Although, according to the Alabama Legislature, the residency restrictions further “the primary governmental interest of protecting vulnerable populations, particularly children,” Id. § 15-20A-2(5), the statute allows every qualifying adult sex offender daily unsupervised access to minors for four hours at a time in any one place on two consecutive days and nine aggregate days per month, as long as such access occurs between the hours of 6:00 a.m. and 10:30 p.m. See ALA. CODE § 15-20A-11(d)(4); id. § 15-20A-4(14); id. § 15-20A-4(20).

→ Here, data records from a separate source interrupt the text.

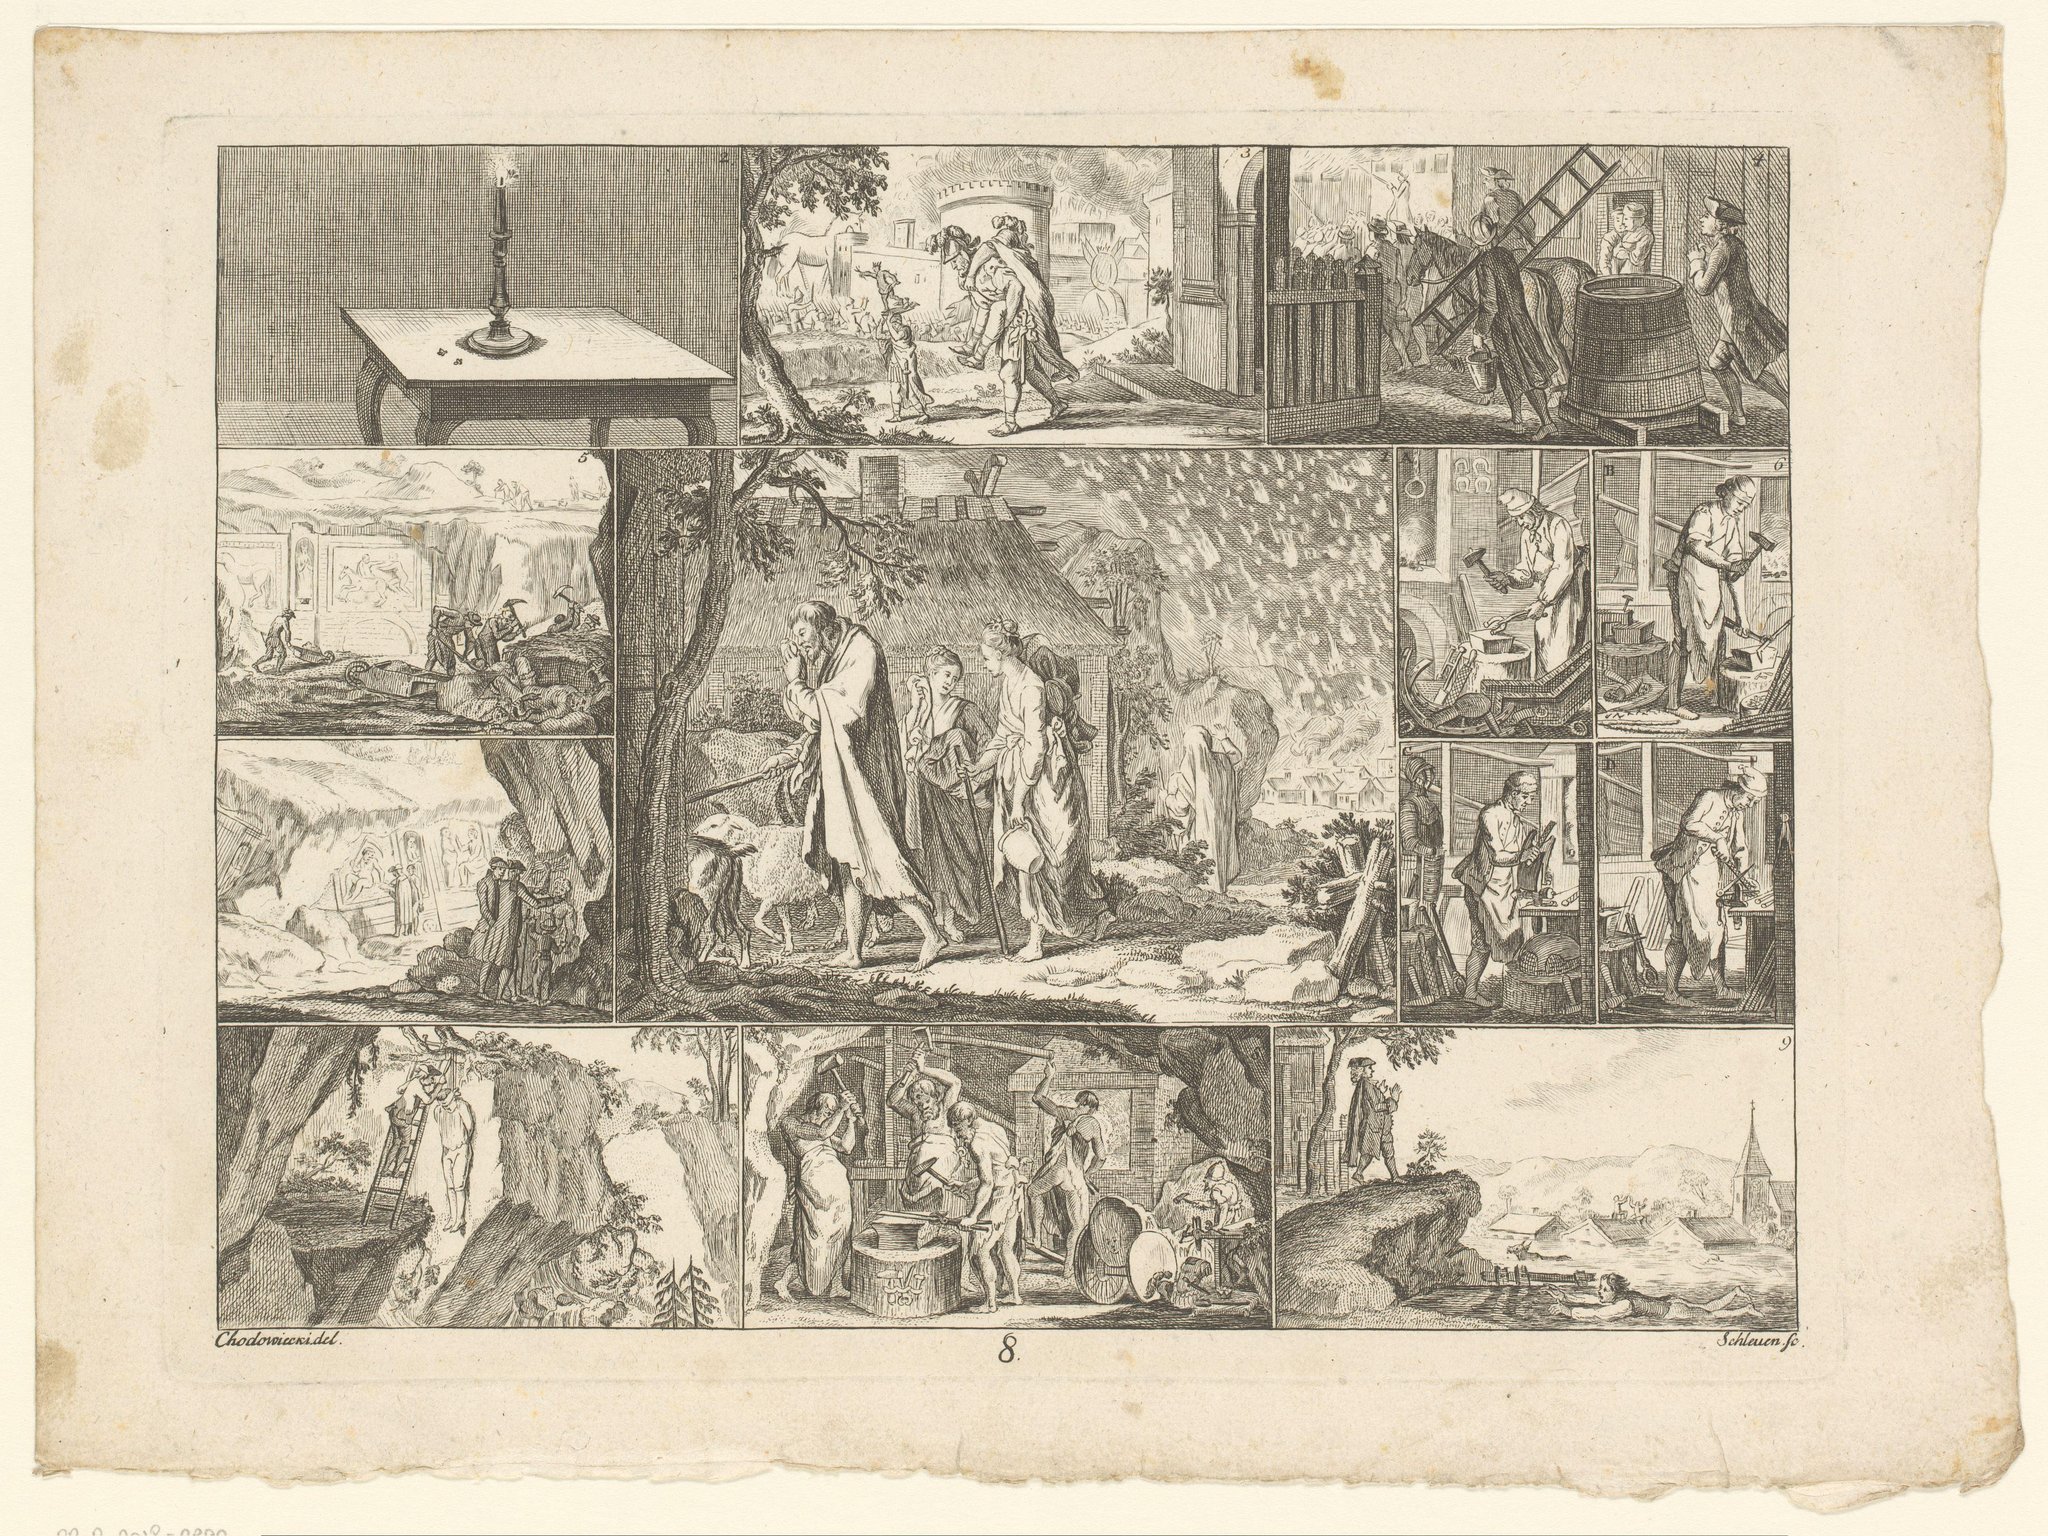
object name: print
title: Blad met uiteenlopende encyclopedische voorstellingen
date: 1784
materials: paper
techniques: engraving, etching
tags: 'pius aeneas': aeneas, leading ascanius, escapes from burning troy, carrying his father anchises with the penates; his wife creusa, who sets out with them, is lost on the way, the destruction of sodom and gomorrah: lot and his family flee to zoar, carrying their belongings; an angel may be showing the way (genesis 19:24-29), lot's wife looks back at the city and is transformed into a pillar of salt
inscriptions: collector's mark: Lugt 2228
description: Maakt deel uit van een serie encyclopedische prenten door verschillende kunstenaars naar ontwerp van Daniel Nikolaus Chodowiecki bij Johann Sigmund Stoy's 'Bilder-Akademie für die Jugend', uitgegeven te Neurenberg in 1784. De prenten waren bedoeld voor kinderen om uit te knippen, op kaarten te plakken en vervolgens op logische wijze te rangschikken (zie Heesen, Anke te. The World in a Box: The Story of an Eighteenth-Century Picture Encyclopedia. Chicago: University of Chicago Press, 2002).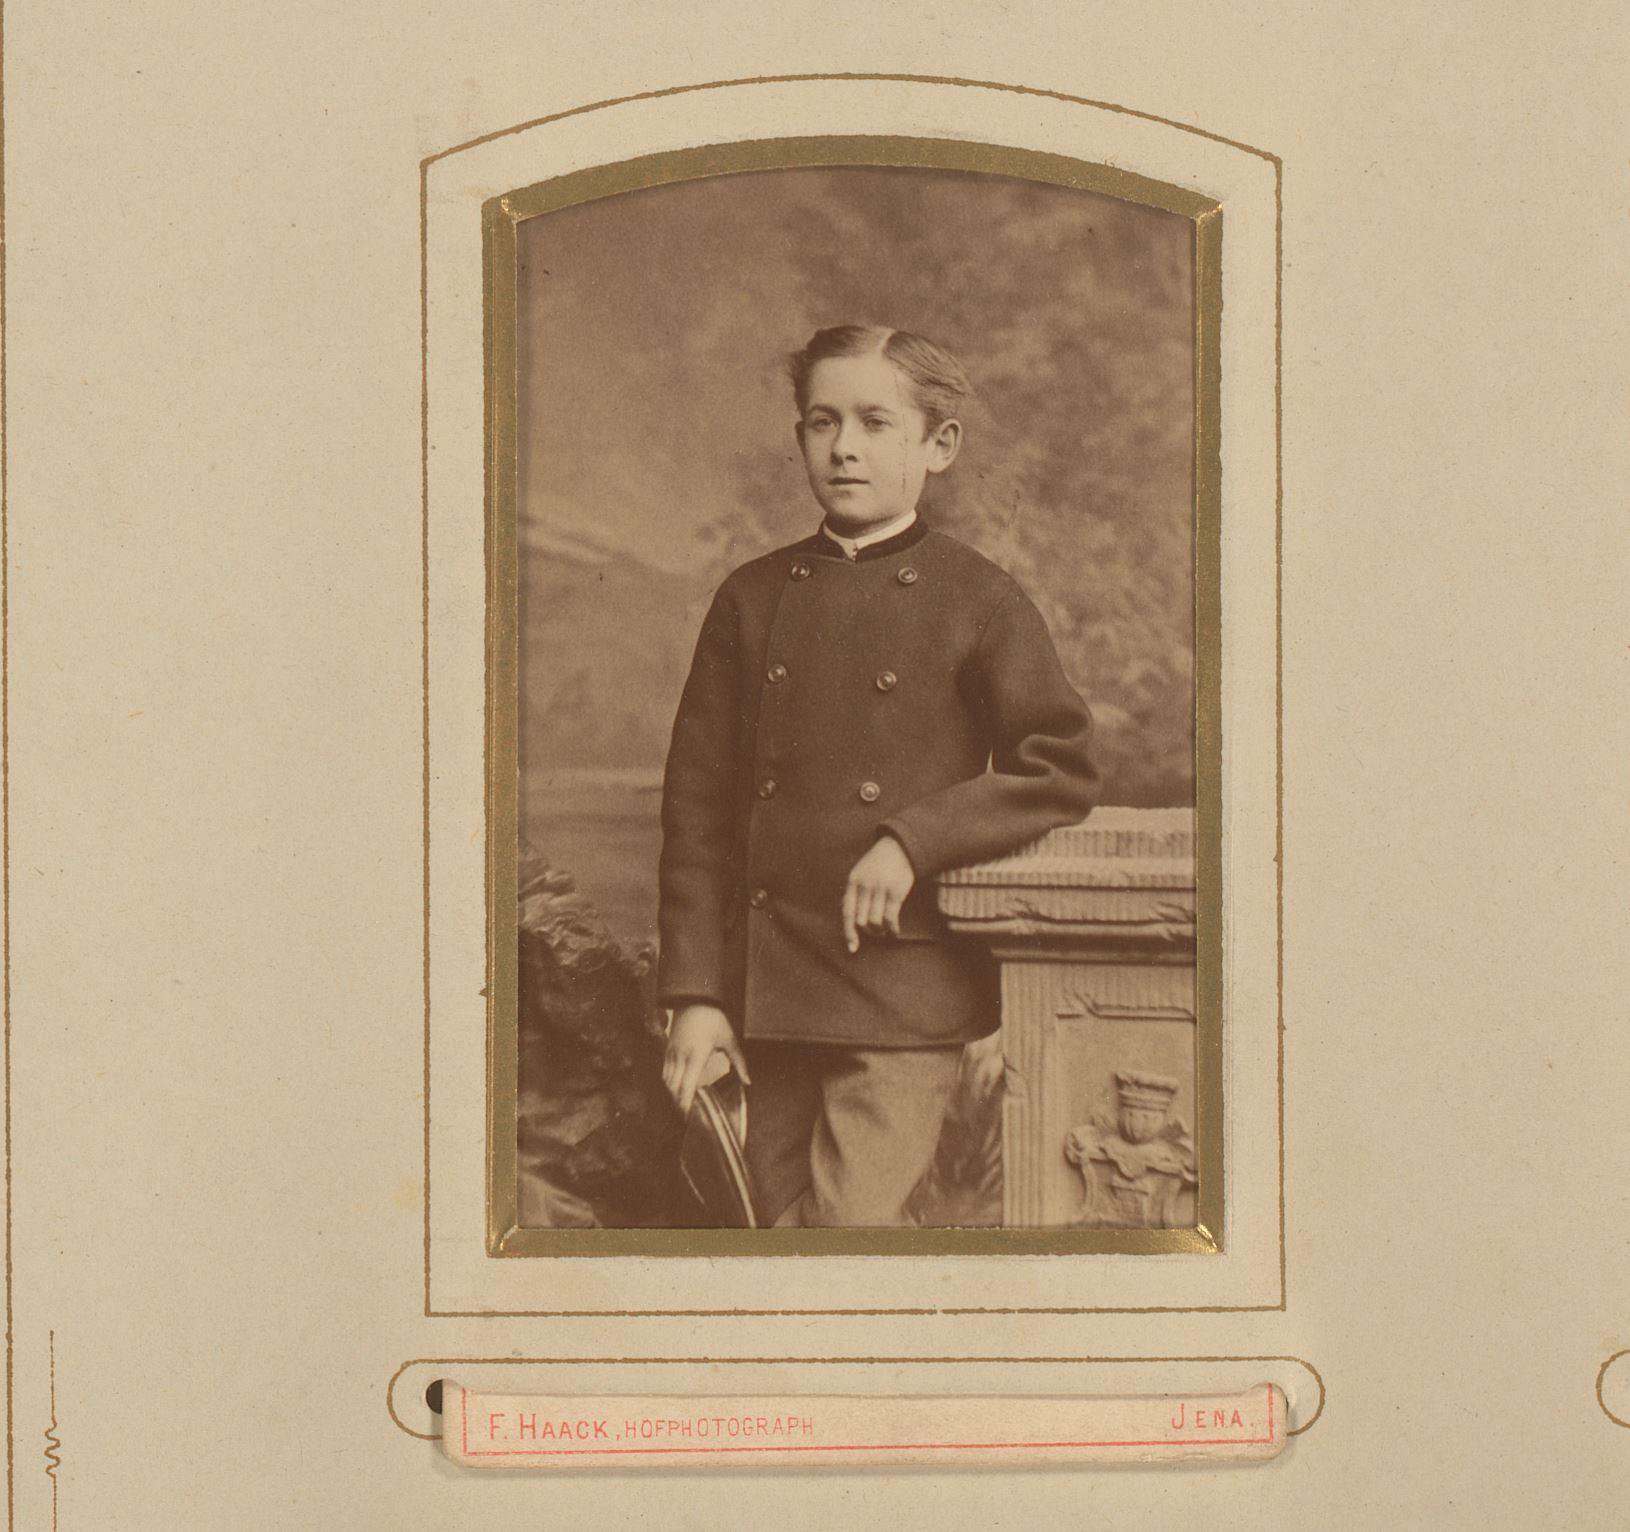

The parties and the Court are unaware of any statute enacted by another state substantially similar to § 15-20A-11(d)(4). And the State concedes that “[a]side from ASORCNA, it does not appear that Alabama has ever statutorily limited parents' contact or ability to live with their own children based on the fact of a conviction or another single fact.” (Doc. 131 at 1.)

B. Henry's Due Process Challenge

Henry raises a facial substantive due process challenge to § 15-20A-11(d)(4), arguing the restriction is not narrowly tailored to serve a compelling state interest and therefore unconstitutionally burdens his fundamental right to the “care, custody, and control” of his son.

The Fourteenth Amendment to the United States Constitution guarantees that “[n]o State shall . . . deprive any person of life, liberty, or property, without due process of law.” U.S. CONST. amend. XIV, § 1. The Supreme Court has recognized a procedural and substantive component to the Due Process Clause. See Reno v. Flores, 507 U.S. 292 (1993). The substantive due process component “forbids the government [from infringing] certain ‘fundamental' liberty interests at all, no matter what process is provided, unless the infringement is narrowly tailored to serve a compelling state interest.” Id. at 302 (emphasis in original).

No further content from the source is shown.